## Your task
Each line in the records below that has the word "yaml" should be copied.

*** Block opens ***

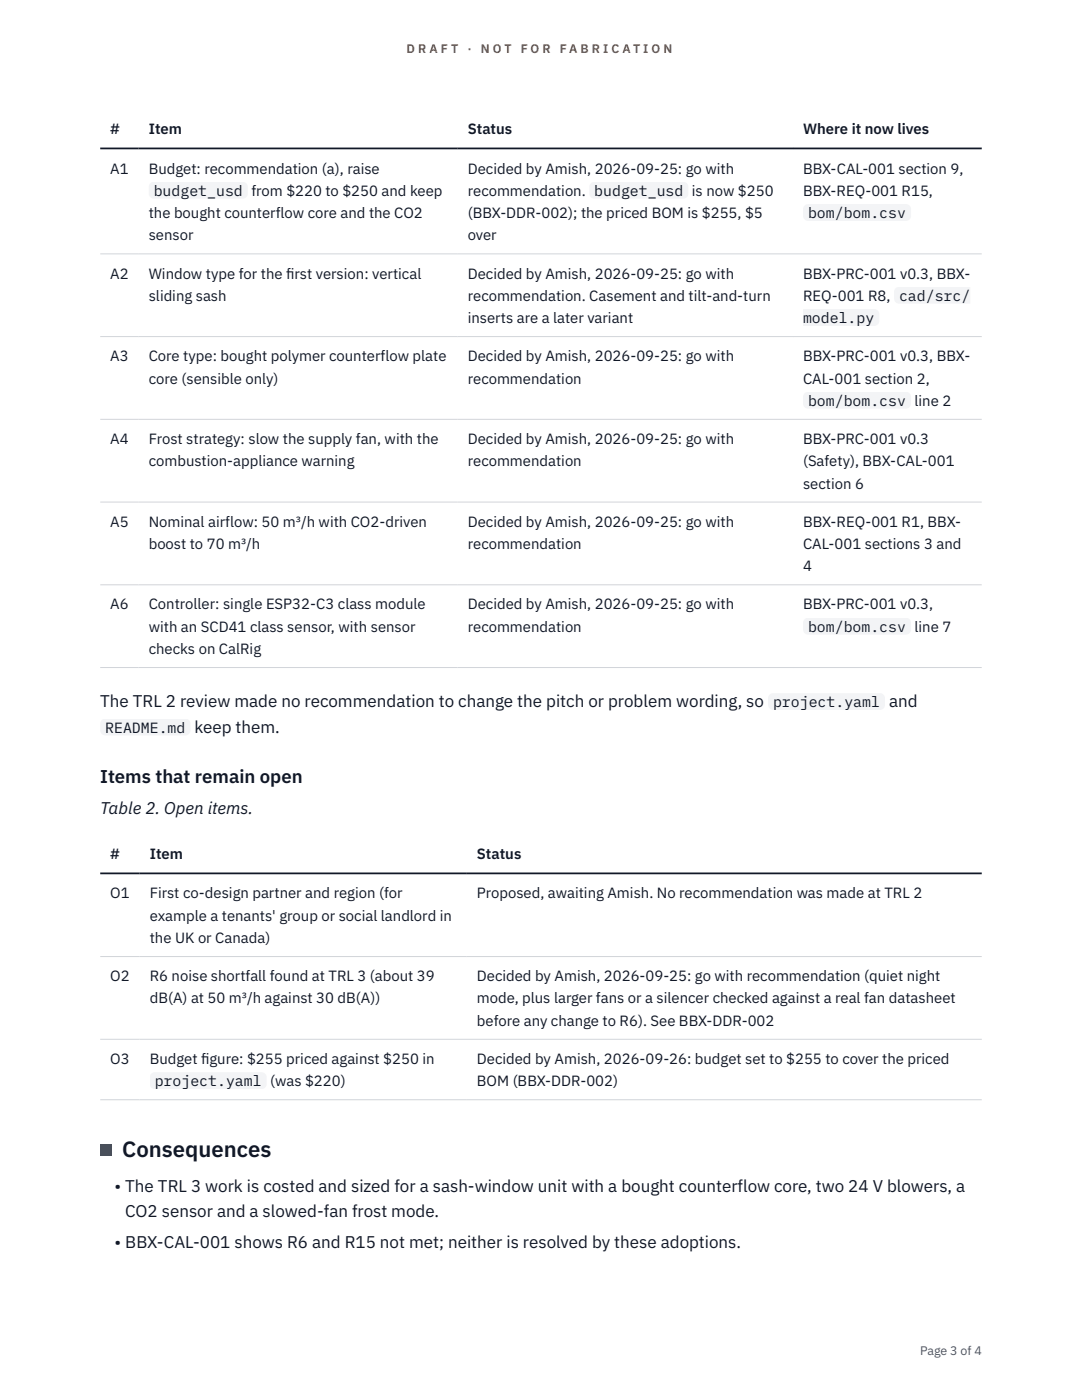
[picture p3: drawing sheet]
<svg xmlns="http://www.w3.org/2000/svg" width="216mm" height="279mm" viewBox="0 0 216 279" stroke-linecap="round" stroke-linejoin="round" font-family="sans-serif">
<defs><g id="words">
<text font-size="4.4" fill="#111827" x="24.4" y="231">Consequences</text>
<text font-size="3.7" fill="#111827" x="20" y="156.2">Items that remain open</text>
<g font-size="3.4" fill="#111827">
<text x="20" y="141.1">The TRL 2 review made no recommendation to change the pitch or problem wording, so</text>
<text x="177.4" y="141.1">and</text>
<text x="38.8" y="146.2">keep them.</text>
<text x="20" y="162.4">Table 2. Open items.</text>
<text x="22.9" y="237.9">• The TRL 3 work is costed and sized for a sash-window unit with a bought counterflow core, two 24 V blowers, a</text>
<text x="25" y="243">CO2 sensor and a slowed-fan frost mode.</text>
<text x="22.9" y="249.1">• BBX-CAL-001 shows R6 and R15 not met; neither is resolved by these adoptions.</text>
</g>
<g font-size="3" fill="#111827">
<text x="22" y="26.8">#</text>
<text x="29.7" y="26.8">Item</text>
<text x="93.3" y="26.8">Status</text>
<text x="160.2" y="26.8">Where it now lives</text>
<text x="22" y="34.6">A1</text>
<text x="29.7" y="34.6">Budget: recommendation (a), raise</text>
<text x="93.3" y="34.6">Decided by Amish, 2026-09-25: go with</text>
<text x="160.2" y="34.6">BBX-CAL-001 section 9,</text>
<text x="30.7" y="39.1">budget_usd</text>
<text x="50.2" y="39.1">from $220 to $250 and keep</text>
<text x="93.3" y="39.1">recommendation.</text>
<text x="118.6" y="39.1">budget_usd</text>
<text x="138.1" y="39.1">is now $250</text>
<text x="160.2" y="39.1">BBX-REQ-001 R15,</text>
<text x="29.7" y="43.5">the bought counterflow core and the CO2</text>
<text x="29.7" y="48">sensor</text>
<text x="93.3" y="43.5">(BBX-DDR-002); the priced BOM is $255, $5</text>
<text x="93.3" y="48">over</text>
<text x="161.2" y="43.5">bom/bom.csv</text>
<text x="22" y="55.6">A2</text>
<text x="29.7" y="55.6">Window type for the f</text>
<text x="57.1" y="55.6">irst version: vertical</text>
<text x="93.3" y="55.6">Decided by Amish, 2026-09-25: go with</text>
<text x="160.2" y="55.6">BBX-PRC-001 v0.3, BBX-</text>
<text x="29.7" y="60">sliding sash</text>
<text x="93.3" y="60">recommendation. Casement and tilt-and-turn</text>
<text x="93.3" y="64.5">inserts are a later variant</text>
<text x="160.2" y="60">REQ-001 R8,</text>
<text x="160.2" y="64.5">model.py</text>
<text x="179.4" y="60">cad/src/</text>
<text x="22" y="72.1">A3</text>
<text x="29.7" y="72.1">Core type: bought polymer counterflow plate</text>
<text x="29.7" y="76.5">core (sensible only)</text>
<text x="93.3" y="72.1">Decided by Amish, 2026-09-25: go with</text>
<text x="93.3" y="76.5">recommendation</text>
<text x="160.2" y="72.1">BBX-PRC-001 v0.3, BBX-</text>
<text x="160.2" y="76.5">CAL-001 section 2,</text>
<text x="161.2" y="81">bom/bom.csv</text>
<text x="182.5" y="81">line 2</text>
<text x="22" y="88.6">A4</text>
<text x="29.7" y="88.6">Frost strategy: slow the supply fan, with the</text>
<text x="93.3" y="88.6">Decided by Amish, 2026-09-25: go with</text>
<text x="160.2" y="88.6">BBX-PRC-001 v0.3</text>
<text x="29.7" y="93.1">combustion-appliance warning</text>
<text x="93.3" y="93.1">recommendation</text>
<text x="160.2" y="93.1">(Safety), BBX-CAL-001</text>
<text x="160.2" y="97.5">section 6</text>
<text x="22" y="105.1">A5</text>
<text x="29.7" y="105.1">Nominal airflow: 50 m³/h with CO2-driven</text>
<text x="93.3" y="105.1">Decided by Amish, 2026-09-25: go with</text>
<text x="160.2" y="105.1">BBX-REQ-001 R1, BBX-</text>
<text x="29.7" y="109.6">boost to 70 m³/h</text>
<text x="93.3" y="109.6">recommendation</text>
<text x="160.2" y="109.6">CAL-001 sections 3 and</text>
<text x="160.2" y="114">4</text>
<text x="22" y="121.6">A6</text>
<text x="29.7" y="121.6">Controller: single ESP32-C3 class module</text>
<text x="93.3" y="121.6">Decided by Amish, 2026-09-25: go with</text>
<text x="160.2" y="121.6">BBX-PRC-001 v0.3,</text>
<text x="29.7" y="126.1">with an SCD41 class sensor, with sensor</text>
<text x="29.7" y="130.5">checks on CalRig</text>
<text x="93.3" y="126.1">recommendation</text>
<text x="161.2" y="126.1">bom/bom.csv</text>
<text x="182.5" y="126.1">line 7</text>
<text x="154.3" y="141.1">project.yaml</text>
<text x="21" y="146.2">README.md</text>
<text x="22" y="171.5">#</text>
<text x="29.9" y="171.5">Item</text>
<text x="95.2" y="171.5">Status</text>
<text x="22" y="179.3">O1</text>
<text x="29.9" y="179.3">First co-design partner and region (for</text>
<text x="95.2" y="179.3">Proposed, awaiting Amish. No recommendation was made at TRL 2</text>
<text x="29.9" y="183.8">example a tenants' group or social landlord in</text>
<text x="29.9" y="188.2">the UK or Canada)</text>
<text x="22" y="195.8">O2</text>
<text x="29.9" y="195.8">R6 noise shortfall found at TRL 3 (about 39</text>
<text x="95.2" y="195.8">Decided by Amish, 2026-09-25: go with recommendation (quiet night</text>
<text x="29.9" y="200.3">dB(A) at 50 m³/h against 30 dB(A))</text>
<text x="95.2" y="200.3">mode, plus larger fans or a silencer checked against a real fan datasheet</text>
<text x="95.2" y="204.7">before any change to R6). See BBX-DDR-002</text>
<text x="22" y="212.3">O3</text>
<text x="29.9" y="212.3">Budget f</text>
<text x="40.1" y="212.3">igure: $255 priced against $250 in</text>
<text x="95.2" y="212.3">Decided by Amish, 2026-09-26: budget set to $255 to cover the priced</text>
<text x="30.9" y="216.8">project.yaml</text>
<text x="53.9" y="216.8">(was $220)</text>
<text x="95.2" y="216.8">BOM (BBX-DDR-002)</text>
</g>
<g font-size="2.5" fill="#b45309">
<text x="81.1" y="10.5">D R A F T</text>
<text x="93.3" y="10.5">·</text>
<text x="95.9" y="10.5">N O T</text>
<text x="103.9" y="10.5">F O R</text>
<text x="111.7" y="10.5">F A B R I C A T I O N</text>
</g>
<text font-size="2.5" fill="#4b5563" x="183.6" y="270.3">Page 3 of 4</text>
</g></defs>
<path d="M20 50.7h175.9M20 67.2h175.9M20 83.7h175.9M20 100.2h175.9M20 116.7h175.9M20 133.2h175.9M20 190.9h175.9M20 207.4h175.9M20 219.5h175.9" fill="none" stroke="#d1d5db" stroke-width=".2"/>
<path d="M20 29.6h175.9M20 174.3h175.9" fill="none" stroke="#111827" stroke-width=".35"/>
<g fill="#f3f4f6">
<path d="M29.7 36.3h19.8v3.3h-19.8z"/>
<path d="M117.6 36.3h19.8v3.3h-19.8z"/>
<path d="M160.2 40.7h21.6v3.4h-21.6z"/>
<path d="M178.4 57.2h15.2v3.4h-15.2z"/>
<path d="M160.2 61.7h15.3v3.3h-15.3z"/>
<path d="M160.2 78.2h21.6v3.4h-21.6z"/>
<path d="M160.2 123.3h21.6v3.3h-21.6z"/>
<path d="M153.3 138.3h23.3v3.4h-23.3z"/>
<path d="M20 143.4h18v3.4h-18z"/>
<path d="M29.9 214h23.3v3.4h-23.3z"/>
</g>
<path d="M20 228.4h2.2v2.2h-2.2z" fill="#0f766e"/>
<use href="#words"/>
</svg>

*** Block closes ***

## Solution to this problem
<text x="154.3" y="141.1">project.yaml</text>
<text x="30.9" y="216.8">project.yaml</text>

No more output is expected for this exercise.